(Extracted records)

---

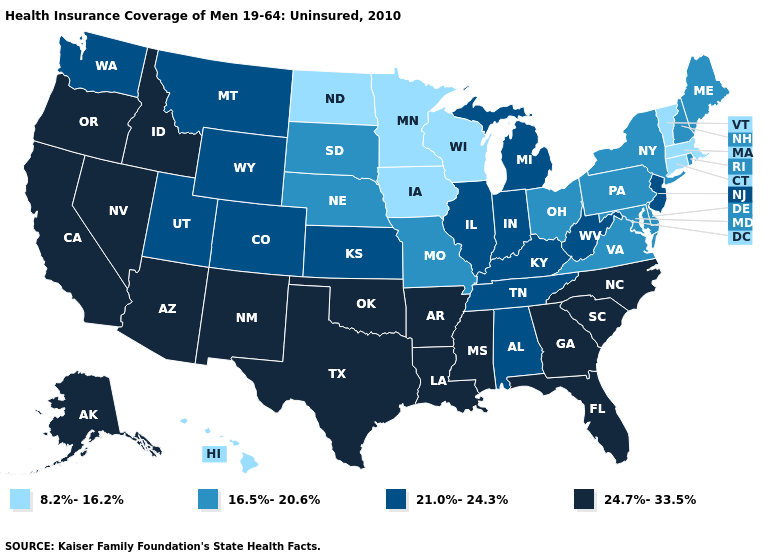Which states hav the highest value in the Northeast?
Write a very short answer. New Jersey. Which states have the lowest value in the USA?
Concise answer only. Connecticut, Hawaii, Iowa, Massachusetts, Minnesota, North Dakota, Vermont, Wisconsin. Does Tennessee have the highest value in the USA?
Quick response, please. No. Name the states that have a value in the range 16.5%-20.6%?
Short answer required. Delaware, Maine, Maryland, Missouri, Nebraska, New Hampshire, New York, Ohio, Pennsylvania, Rhode Island, South Dakota, Virginia. What is the lowest value in the USA?
Concise answer only. 8.2%-16.2%. Does Nebraska have the lowest value in the MidWest?
Give a very brief answer. No. What is the highest value in the Northeast ?
Quick response, please. 21.0%-24.3%. Name the states that have a value in the range 8.2%-16.2%?
Answer briefly. Connecticut, Hawaii, Iowa, Massachusetts, Minnesota, North Dakota, Vermont, Wisconsin. Name the states that have a value in the range 8.2%-16.2%?
Give a very brief answer. Connecticut, Hawaii, Iowa, Massachusetts, Minnesota, North Dakota, Vermont, Wisconsin. Name the states that have a value in the range 8.2%-16.2%?
Keep it brief. Connecticut, Hawaii, Iowa, Massachusetts, Minnesota, North Dakota, Vermont, Wisconsin. Does the map have missing data?
Concise answer only. No. Which states have the highest value in the USA?
Write a very short answer. Alaska, Arizona, Arkansas, California, Florida, Georgia, Idaho, Louisiana, Mississippi, Nevada, New Mexico, North Carolina, Oklahoma, Oregon, South Carolina, Texas. What is the value of Massachusetts?
Short answer required. 8.2%-16.2%. Name the states that have a value in the range 21.0%-24.3%?
Keep it brief. Alabama, Colorado, Illinois, Indiana, Kansas, Kentucky, Michigan, Montana, New Jersey, Tennessee, Utah, Washington, West Virginia, Wyoming. Does New Jersey have the highest value in the Northeast?
Answer briefly. Yes.

---

Your assignment -> Your answer should be the lines from the one containing "have missing data?" through the last line of the records, repeated exactly and with nothing added.

Solution to the problem ->
Keep it brief. Connecticut, Hawaii, Iowa, Massachusetts, Minnesota, North Dakota, Vermont, Wisconsin. Does the map have missing data?
Concise answer only. No. Which states have the highest value in the USA?
Write a very short answer. Alaska, Arizona, Arkansas, California, Florida, Georgia, Idaho, Louisiana, Mississippi, Nevada, New Mexico, North Carolina, Oklahoma, Oregon, South Carolina, Texas. What is the value of Massachusetts?
Short answer required. 8.2%-16.2%. Name the states that have a value in the range 21.0%-24.3%?
Keep it brief. Alabama, Colorado, Illinois, Indiana, Kansas, Kentucky, Michigan, Montana, New Jersey, Tennessee, Utah, Washington, West Virginia, Wyoming. Does New Jersey have the highest value in the Northeast?
Answer briefly. Yes.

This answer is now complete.